In the entries that follow, the lines from the one with "#13 alphabet tiles at [128, 49, 296, 229]" through the one with "Numbers: x, y, z, sx, sy, sz, roll, pitch, yaw. Lengths" are the ones to write out, exactly and with both ends included. Nothing else should appear.

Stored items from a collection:
---
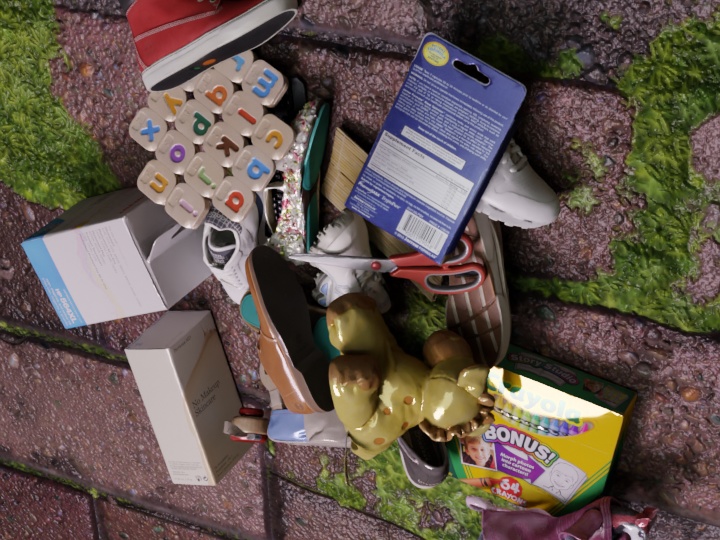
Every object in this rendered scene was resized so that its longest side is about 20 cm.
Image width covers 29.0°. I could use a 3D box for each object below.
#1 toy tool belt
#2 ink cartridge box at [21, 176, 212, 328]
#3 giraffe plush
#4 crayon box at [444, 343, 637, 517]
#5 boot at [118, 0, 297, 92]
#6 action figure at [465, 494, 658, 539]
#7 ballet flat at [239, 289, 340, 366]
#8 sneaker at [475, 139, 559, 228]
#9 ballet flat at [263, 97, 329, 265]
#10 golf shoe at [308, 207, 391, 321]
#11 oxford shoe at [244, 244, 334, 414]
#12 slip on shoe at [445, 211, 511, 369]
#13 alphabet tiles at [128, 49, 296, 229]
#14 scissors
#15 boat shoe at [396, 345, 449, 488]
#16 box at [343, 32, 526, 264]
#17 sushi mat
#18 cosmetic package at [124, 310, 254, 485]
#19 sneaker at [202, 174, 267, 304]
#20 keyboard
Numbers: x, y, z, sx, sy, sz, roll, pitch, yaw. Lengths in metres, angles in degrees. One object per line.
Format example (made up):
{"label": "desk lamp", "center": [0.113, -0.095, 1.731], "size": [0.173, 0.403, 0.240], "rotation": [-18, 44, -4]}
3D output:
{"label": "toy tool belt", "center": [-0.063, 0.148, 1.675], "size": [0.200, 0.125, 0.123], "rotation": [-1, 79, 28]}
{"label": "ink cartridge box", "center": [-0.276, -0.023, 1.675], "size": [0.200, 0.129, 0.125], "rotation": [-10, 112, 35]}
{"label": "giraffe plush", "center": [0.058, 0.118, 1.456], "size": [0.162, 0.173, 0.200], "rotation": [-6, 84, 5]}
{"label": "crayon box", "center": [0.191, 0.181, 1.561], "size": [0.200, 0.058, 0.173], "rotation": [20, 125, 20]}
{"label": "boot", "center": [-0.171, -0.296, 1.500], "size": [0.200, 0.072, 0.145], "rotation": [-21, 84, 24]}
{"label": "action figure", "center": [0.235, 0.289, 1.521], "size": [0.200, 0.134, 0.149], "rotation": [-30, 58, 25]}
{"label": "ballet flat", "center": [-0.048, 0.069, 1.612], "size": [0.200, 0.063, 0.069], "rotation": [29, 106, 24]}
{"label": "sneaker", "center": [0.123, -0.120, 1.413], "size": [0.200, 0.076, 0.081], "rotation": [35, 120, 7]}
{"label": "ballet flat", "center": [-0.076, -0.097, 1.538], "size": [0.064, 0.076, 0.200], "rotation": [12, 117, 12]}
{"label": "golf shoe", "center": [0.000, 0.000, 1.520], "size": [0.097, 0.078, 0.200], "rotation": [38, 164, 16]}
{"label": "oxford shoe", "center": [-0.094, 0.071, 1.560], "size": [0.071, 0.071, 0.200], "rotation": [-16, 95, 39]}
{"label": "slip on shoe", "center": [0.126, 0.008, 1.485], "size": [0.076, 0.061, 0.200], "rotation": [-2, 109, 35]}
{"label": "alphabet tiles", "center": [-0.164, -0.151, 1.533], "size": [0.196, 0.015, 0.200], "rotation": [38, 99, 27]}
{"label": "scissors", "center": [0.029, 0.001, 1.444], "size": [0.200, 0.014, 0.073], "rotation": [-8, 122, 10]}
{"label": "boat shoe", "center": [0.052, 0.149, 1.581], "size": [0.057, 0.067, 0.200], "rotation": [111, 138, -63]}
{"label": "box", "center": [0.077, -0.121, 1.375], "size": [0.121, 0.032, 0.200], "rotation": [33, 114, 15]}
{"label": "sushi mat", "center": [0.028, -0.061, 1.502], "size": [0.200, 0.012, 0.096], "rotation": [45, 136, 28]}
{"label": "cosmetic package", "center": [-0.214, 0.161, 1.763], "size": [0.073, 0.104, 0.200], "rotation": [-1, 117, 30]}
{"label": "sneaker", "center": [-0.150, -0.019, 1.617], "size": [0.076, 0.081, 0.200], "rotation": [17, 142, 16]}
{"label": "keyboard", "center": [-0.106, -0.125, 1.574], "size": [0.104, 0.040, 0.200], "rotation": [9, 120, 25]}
---
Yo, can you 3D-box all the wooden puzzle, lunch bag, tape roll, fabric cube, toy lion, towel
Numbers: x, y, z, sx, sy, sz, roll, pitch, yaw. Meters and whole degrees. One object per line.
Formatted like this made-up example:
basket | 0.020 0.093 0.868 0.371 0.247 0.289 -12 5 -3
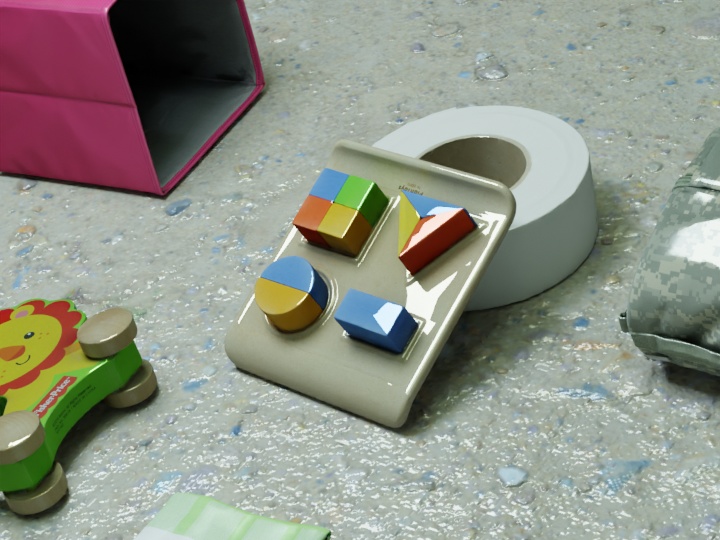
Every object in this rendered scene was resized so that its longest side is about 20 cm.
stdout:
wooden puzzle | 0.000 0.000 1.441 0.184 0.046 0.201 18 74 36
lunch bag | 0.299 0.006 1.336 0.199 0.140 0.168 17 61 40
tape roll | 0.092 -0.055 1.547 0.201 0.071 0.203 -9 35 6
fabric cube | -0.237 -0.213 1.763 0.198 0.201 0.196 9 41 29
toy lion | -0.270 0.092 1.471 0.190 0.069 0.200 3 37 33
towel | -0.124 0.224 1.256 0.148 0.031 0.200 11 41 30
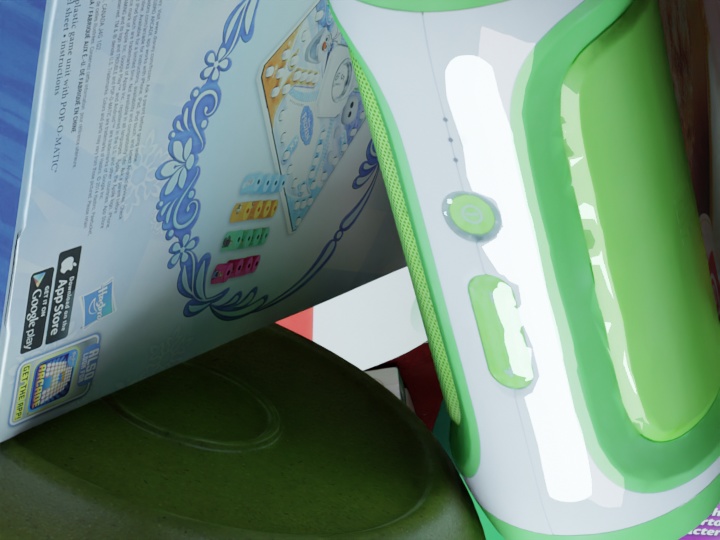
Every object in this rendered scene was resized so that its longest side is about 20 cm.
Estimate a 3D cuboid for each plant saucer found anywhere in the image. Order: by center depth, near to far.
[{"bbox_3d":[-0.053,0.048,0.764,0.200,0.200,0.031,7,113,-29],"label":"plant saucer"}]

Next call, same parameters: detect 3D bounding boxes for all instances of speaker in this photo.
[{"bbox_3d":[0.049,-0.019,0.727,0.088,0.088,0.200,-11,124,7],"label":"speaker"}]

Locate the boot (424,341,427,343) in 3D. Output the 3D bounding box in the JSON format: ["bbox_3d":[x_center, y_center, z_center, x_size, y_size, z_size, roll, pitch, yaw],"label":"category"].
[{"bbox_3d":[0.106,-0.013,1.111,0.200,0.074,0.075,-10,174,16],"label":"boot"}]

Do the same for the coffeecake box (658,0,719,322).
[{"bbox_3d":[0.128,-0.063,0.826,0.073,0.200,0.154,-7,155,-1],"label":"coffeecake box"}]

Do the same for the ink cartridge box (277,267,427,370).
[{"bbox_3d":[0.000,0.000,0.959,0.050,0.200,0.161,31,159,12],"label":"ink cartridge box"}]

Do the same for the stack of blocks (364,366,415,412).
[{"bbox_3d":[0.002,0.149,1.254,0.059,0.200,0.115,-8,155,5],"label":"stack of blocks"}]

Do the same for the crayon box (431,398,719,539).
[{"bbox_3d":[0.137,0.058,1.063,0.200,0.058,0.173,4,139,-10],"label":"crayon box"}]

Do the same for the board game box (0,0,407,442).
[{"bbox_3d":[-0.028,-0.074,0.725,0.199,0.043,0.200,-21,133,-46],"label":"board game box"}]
---
**WRITTEN SOLUTION**:
#13 alphabet tiles at [128, 49, 296, 229]
#14 scissors
#15 boat shoe at [396, 345, 449, 488]
#16 box at [343, 32, 526, 264]
#17 sushi mat
#18 cosmetic package at [124, 310, 254, 485]
#19 sneaker at [202, 174, 267, 304]
#20 keyboard
Numbers: x, y, z, sx, sy, sz, roll, pitch, yaw. Lengths in metres, angles in degrees. One object per line.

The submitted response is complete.